Abstract

Anastomotic pseudoaneurysms are common entities following vascular bypass procedures and, if left untreated, serious complications such as thromboses, infection, and rupture can frequently occur. Therefore, attempts to employ various methods of repair have been utilized in treating anastomotic pseudoaneurysms to maximize operational success and future risk reduction. Herein, the authors report two cases of anastomotic pseudoaneurysms which were repaired percutaneously utilizing a combination of strategies such as careful preoperational image planning, multiple commercially available devices, and secondary embolization techniques.

1. Introduction

Anastomotic pseudoaneurysms (aPSAs) most commonly arise from late disruptions of arterial graft anastomoses and are rare complications associated with arterial bypass procedures. Causes of aPSA’s are postoperative infection, suture fatigue, poor suture material, postoperative nicotine use, recurrent operations to the same site, trauma, and mechanical obstruction [1]. While aPSA’s may occur in a variety of locations, the most frequent location is at a femoral artery graft anastomoses [2]. Current studies have theorized that this is due to turbulent blood flow that progressively weakens the arterial wall of end-to-side anastomoses promoting the development of anastomotic leaks [3]. Although aPSA’s involving femoral bypass grafts are the most frequent location, the prevalence is low, occurring in 0.8–2.2% of revascularization procedures [4, 5].
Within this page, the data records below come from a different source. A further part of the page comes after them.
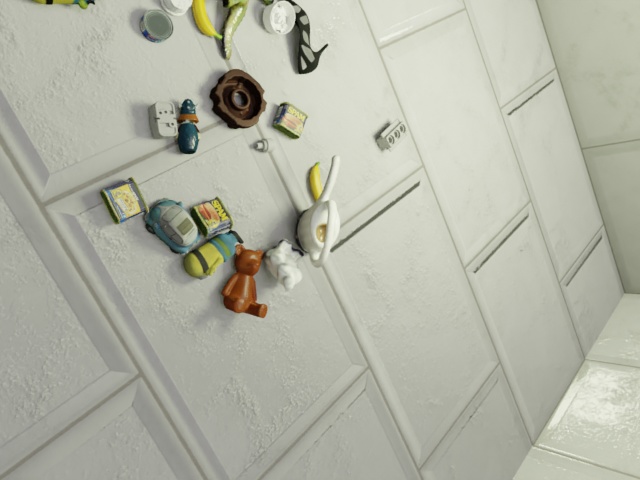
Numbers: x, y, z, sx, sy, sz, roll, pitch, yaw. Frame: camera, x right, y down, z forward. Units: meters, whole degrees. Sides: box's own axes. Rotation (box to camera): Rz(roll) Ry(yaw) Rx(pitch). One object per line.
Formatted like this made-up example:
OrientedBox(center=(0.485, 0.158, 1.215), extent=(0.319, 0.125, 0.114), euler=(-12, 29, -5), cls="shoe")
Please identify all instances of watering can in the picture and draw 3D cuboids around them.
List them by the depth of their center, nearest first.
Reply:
OrientedBox(center=(0.005, -0.082, 1.638), extent=(0.104, 0.351, 0.223), euler=(12, -12, -20), cls="watering can")

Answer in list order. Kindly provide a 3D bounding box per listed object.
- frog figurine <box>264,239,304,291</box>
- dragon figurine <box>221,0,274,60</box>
OrientedBox(center=(-0.111, 0.094, 1.571), extent=(0.122, 0.163, 0.134), euler=(-7, -38, 9), cls="frog figurine")
OrientedBox(center=(-0.223, -0.772, 1.595), extent=(0.123, 0.404, 0.245), euler=(15, 24, 41), cls="dragon figurine")
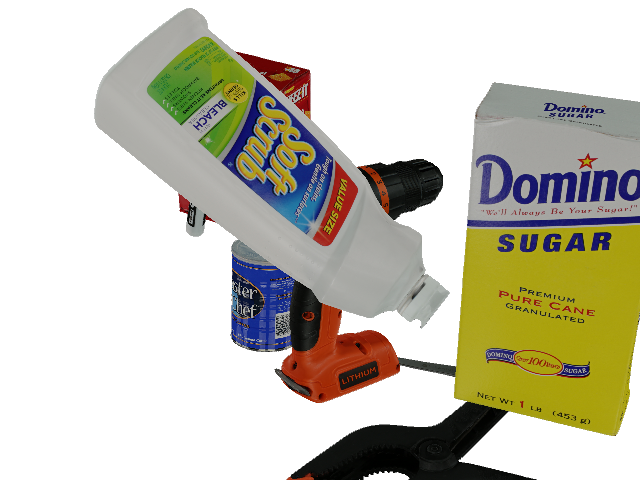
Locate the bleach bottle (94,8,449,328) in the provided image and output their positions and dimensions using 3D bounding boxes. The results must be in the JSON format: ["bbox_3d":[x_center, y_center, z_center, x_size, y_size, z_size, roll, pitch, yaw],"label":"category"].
[{"bbox_3d":[-0.021,-0.038,0.685,0.251,0.102,0.068,38,-32,8],"label":"bleach bottle"}]

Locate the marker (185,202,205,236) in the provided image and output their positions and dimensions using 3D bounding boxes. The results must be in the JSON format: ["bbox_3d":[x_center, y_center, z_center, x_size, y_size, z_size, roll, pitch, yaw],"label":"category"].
[{"bbox_3d":[-0.118,-0.048,1.050,0.020,0.020,0.121,0,-38,-13],"label":"marker"}]

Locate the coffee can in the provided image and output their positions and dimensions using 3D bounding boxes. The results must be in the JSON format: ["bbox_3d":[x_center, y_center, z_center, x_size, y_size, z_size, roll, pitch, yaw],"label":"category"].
[{"bbox_3d":[-0.077,0.074,1.523,0.103,0.140,0.103,2,22,-1],"label":"coffee can"}]

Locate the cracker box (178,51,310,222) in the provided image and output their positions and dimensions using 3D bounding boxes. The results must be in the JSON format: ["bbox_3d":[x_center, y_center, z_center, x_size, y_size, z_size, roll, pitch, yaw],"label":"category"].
[{"bbox_3d":[-0.097,-0.116,1.300,0.164,0.214,0.072,18,38,24],"label":"cracker box"}]

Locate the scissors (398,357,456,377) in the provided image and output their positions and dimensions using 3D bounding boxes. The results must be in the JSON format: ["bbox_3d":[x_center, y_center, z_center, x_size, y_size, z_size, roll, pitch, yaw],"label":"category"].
[{"bbox_3d":[0.154,0.115,0.971,0.202,0.016,0.096,18,31,19],"label":"scissors"}]

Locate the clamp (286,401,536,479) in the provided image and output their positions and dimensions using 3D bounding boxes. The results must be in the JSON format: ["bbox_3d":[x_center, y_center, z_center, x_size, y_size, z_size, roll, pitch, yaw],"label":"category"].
[{"bbox_3d":[0.079,0.148,0.726,0.210,0.036,0.164,-6,28,-4],"label":"clamp"}]

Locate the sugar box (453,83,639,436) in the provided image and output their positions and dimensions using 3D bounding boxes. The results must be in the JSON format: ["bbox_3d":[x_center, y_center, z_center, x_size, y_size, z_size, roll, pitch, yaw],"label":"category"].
[{"bbox_3d":[0.122,0.012,0.550,0.093,0.176,0.048,10,35,19],"label":"sugar box"}]

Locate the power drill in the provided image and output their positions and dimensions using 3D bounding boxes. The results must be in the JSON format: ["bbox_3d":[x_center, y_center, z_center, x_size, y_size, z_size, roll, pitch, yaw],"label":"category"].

The surgical management of aPSA’s historically consists of resection of the initial graft with reimplantation of a new bypass either into the original arteriotomy or to a more distal target. An alternative is to resect the graft and place a Dacron tube interposition graft between the original graft limb and the host vessel [6]. While these procedures have a high success rates, secondary open surgical procedure still poses higher risk than a primary operation. Re-exploration can be difficult due to anatomical distortion and postoperative scarring, supporting a potential value for an endovascular strategy when possible.

We have recently experienced two cases that involved solely endovascular repair of aPSA’s, the first at the proximal anastomosis of an axillofemoral bypass, and the second a femoral aPSA that formed following a bilateral axillofemoral graft bypass procedure. Both cases were successfully treated percutaneously with stent grafts to exclude flow into the aPSA’s.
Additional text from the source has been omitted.